2 thoughts on “Things we don’t do, and places we don’t go

  1. I’m trying to let go of paper too. I donated or recycled several boxes’ worth of travel books, guides and maps when we started full-timing. There’s another box of guidebooks stashed under the bed for areas that we hope to travel to. It’s hard to justify using the weight and space for books when there are so many internet research options.

    I like TripAdvisor to review attractions, and Yelp! for restaurants and services. It seems like Yelp! has more reviews from local folks, while TripAdvisor is obviously focused more on tourists. Google reviews are also useful.

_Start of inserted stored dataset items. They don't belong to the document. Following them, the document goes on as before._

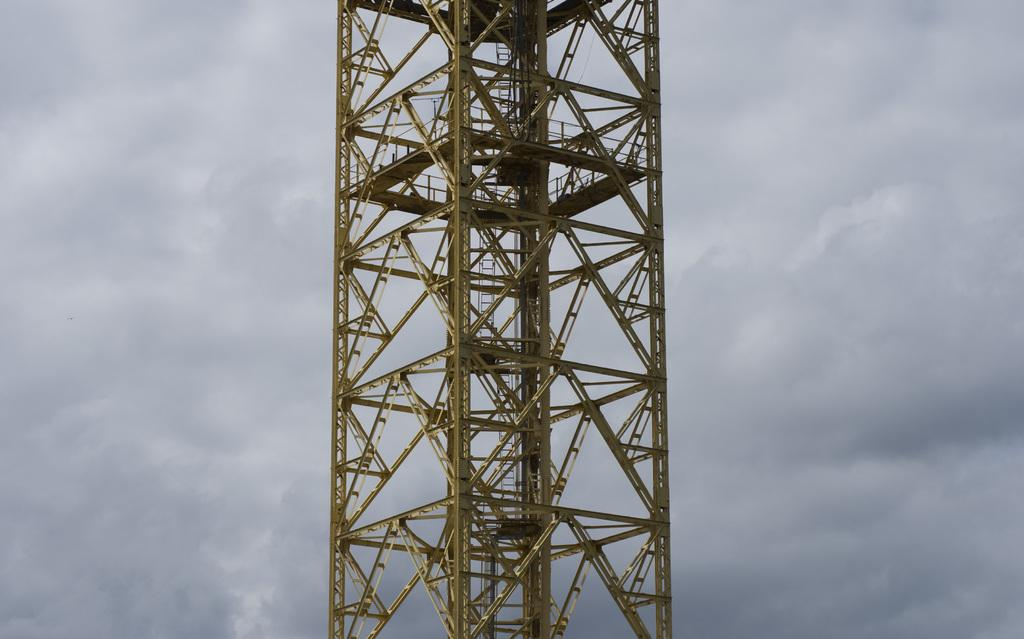What is the main subject in the center of the image? There is a tower in the center of the image. What can be seen in the background of the image? There are clouds in the sky in the background of the image. What type of ring does the queen wear in the image? There is no queen or ring present in the image. 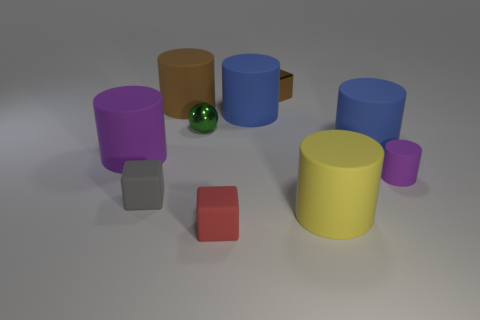Is the number of purple rubber cylinders on the right side of the tiny green ball greater than the number of matte cubes that are on the right side of the tiny purple thing?
Ensure brevity in your answer.  Yes. How many matte things are purple cylinders or small objects?
Keep it short and to the point. 4. There is a cylinder that is the same color as the tiny metal cube; what is it made of?
Your response must be concise. Rubber. Is the number of things behind the tiny purple thing less than the number of brown shiny blocks left of the small ball?
Your response must be concise. No. What number of objects are either cyan metallic cylinders or cubes that are behind the tiny purple object?
Make the answer very short. 1. What is the material of the green ball that is the same size as the brown metal block?
Offer a terse response. Metal. Are the tiny purple object and the yellow thing made of the same material?
Ensure brevity in your answer.  Yes. What is the color of the rubber thing that is both behind the green metal thing and right of the big brown rubber object?
Keep it short and to the point. Blue. There is a big matte cylinder that is to the left of the tiny gray matte block; does it have the same color as the tiny rubber cylinder?
Your response must be concise. Yes. What shape is the brown rubber thing that is the same size as the yellow thing?
Offer a terse response. Cylinder. 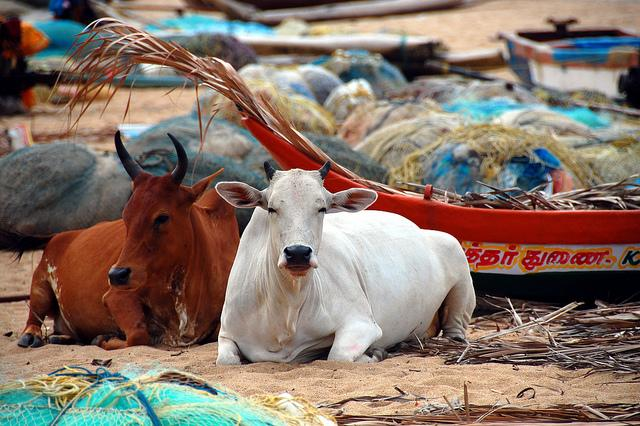What animal has similar things on their head to these animals? Please explain your reasoning. goat. Goats have horns, the other animals don't. 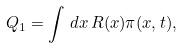Convert formula to latex. <formula><loc_0><loc_0><loc_500><loc_500>Q _ { 1 } = \int \, d { x } \, R ( { x } ) \pi ( { x } , t ) ,</formula> 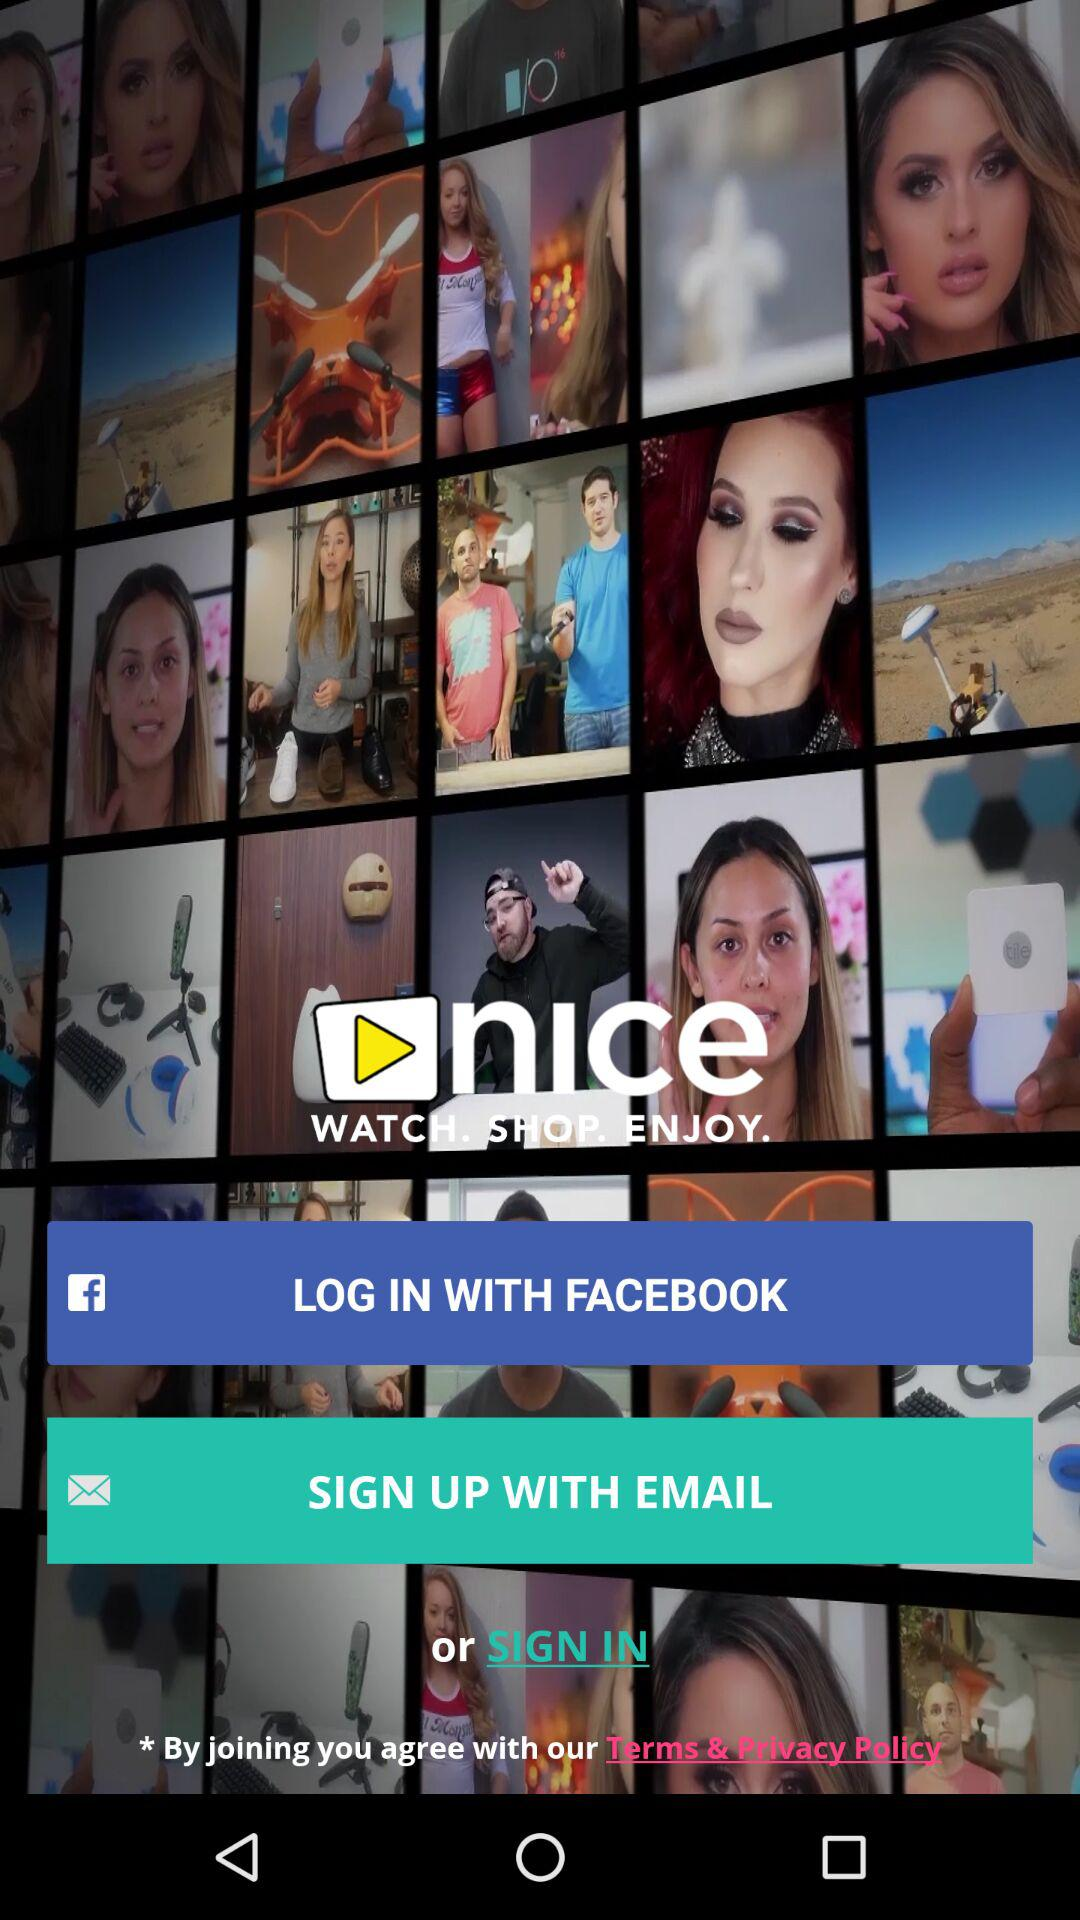What is the application name? The application name is "nice". 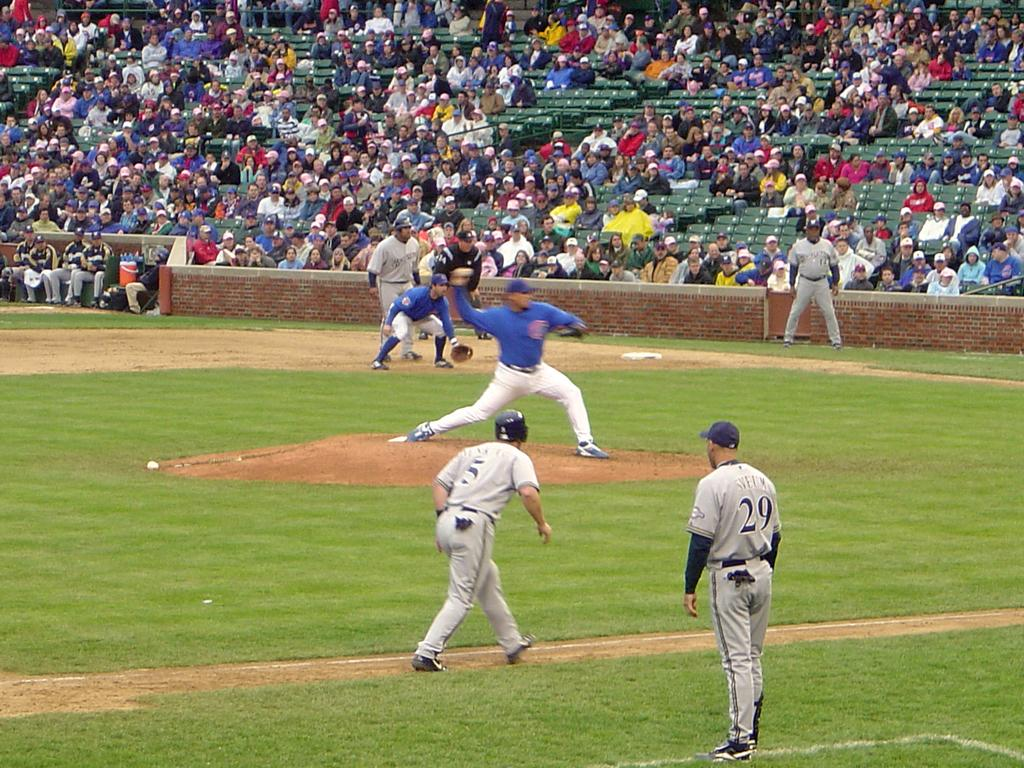<image>
Share a concise interpretation of the image provided. A baseball player standing on the sides with the number 29 on his back 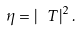Convert formula to latex. <formula><loc_0><loc_0><loc_500><loc_500>\eta = \left | \ T \right | ^ { 2 } .</formula> 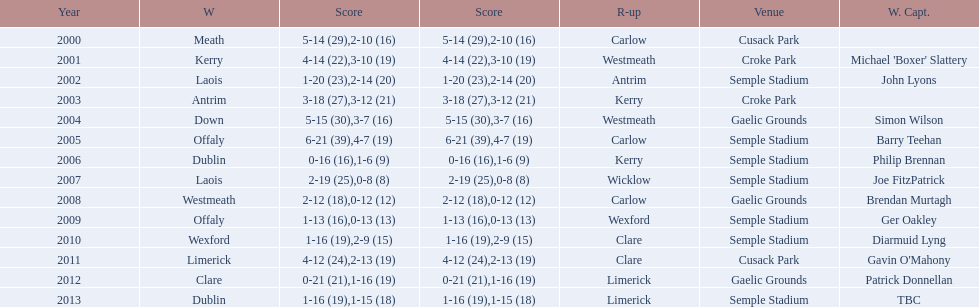How many winners won in semple stadium? 7. 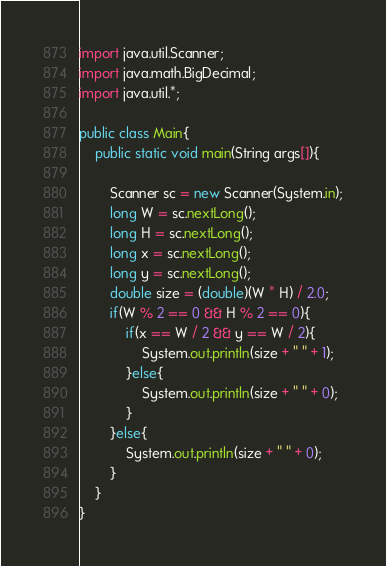<code> <loc_0><loc_0><loc_500><loc_500><_Java_>import java.util.Scanner;
import java.math.BigDecimal;
import java.util.*;

public class Main{
    public static void main(String args[]){
        
        Scanner sc = new Scanner(System.in);
        long W = sc.nextLong();
        long H = sc.nextLong();
        long x = sc.nextLong();
        long y = sc.nextLong();
        double size = (double)(W * H) / 2.0;
        if(W % 2 == 0 && H % 2 == 0){
            if(x == W / 2 && y == W / 2){
                System.out.println(size + " " + 1);
            }else{
                System.out.println(size + " " + 0);
            }
        }else{
            System.out.println(size + " " + 0);
        }
    }
}
</code>

    You mentioned botanical gardens and wildlife sanctuaries — two of my favorites. What else interests you?

    Liked by 1 person

    1. One of the problems I had a hard time accepting was that printed brochures are dated and obsolescence happens rapidly in today’s world. Once I accepted that I found it easier to stop collecting and to trash all those brochures!

      I still stop at a lot of state visitor centers — on the first time through in several years, or when approaching a state from a different direction. Most of those have regional brochures that I might not have seen. I spend more time at the center looking at brochures and PICK UP fewer.

      I keep trying to use YELP! and can’t get comfortable with it. Don’t know why — the design metaphor just seems clunky to me. Agreed about Google reviews too.

      We like the arts, specially music and painting — so we look for exhibits, specially seasonal or traveling exhibits. We also LOVE botanical gardens and now that we’ll be traveling by car more often — and it will be easier to access gardens I suspect we’ll visit even more. A membership with any of the local gardens that has reciprocal rights means you can visit many of the gardens around the country for free. A favorite choice of ours.